At age sixteen, Jade Hameister is the youngest person to have skied to the North and South Poles; the first Australian woman to ski from the coast to the South Pole unsupported and unassisted; the first woman to set a new route to the South Pole in an unsupported, unassisted expedition; and the youngest person in history to complete the ‘Polar Hat Trick’ – both Poles, and the crossing of the Greenland icecap.

It’s an almost unbelievable series of accomplishments. But looking back on what she’s achieved, Jade says,

‘For me, it isn’t about the records. I hardly thought about that when I was out there on the ice – the beauty and brutal nature of the environment is just so overwhelming.’
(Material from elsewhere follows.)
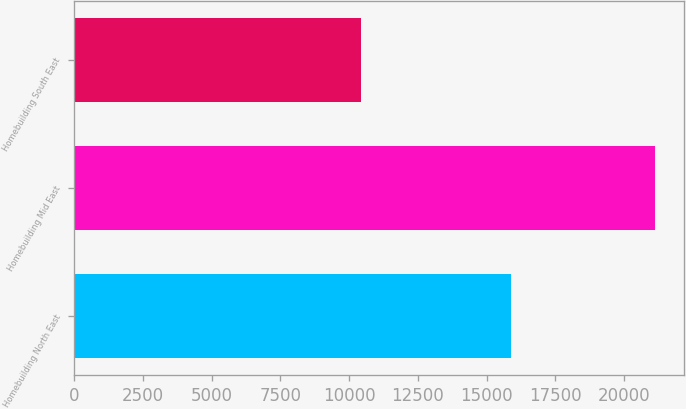<chart> <loc_0><loc_0><loc_500><loc_500><bar_chart><fcel>Homebuilding North East<fcel>Homebuilding Mid East<fcel>Homebuilding South East<nl><fcel>15904<fcel>21126<fcel>10423<nl></chart>

Jade Hameister is the youngest person in history to complete the ‘Polar Hat Trick’ – both Poles, and the crossing of the Greenland icecap. Image: Jade Hameister

For more than a month, Jade spent long days on the ice with her team, putting in eight to nine hours of skiing each day to make their journey in time. As an unsupported and unassisted expedition, there would be no supply drops – they had 40 days’ worth of food to get them to the South Pole, all of which they pulled in their sleds.

Their journey totalled almost 600 kilometres and traced a hitherto untravelled route from the Amundsen Coast to the South Pole, through the Transantarctic Mountain Range via the Kansas Glacier.

‘The first week is the hardest, when your life has been turned upside down,’ Jade explains, ‘but once you get into a routine and everything has its place in the tent, you just accept your new reality.’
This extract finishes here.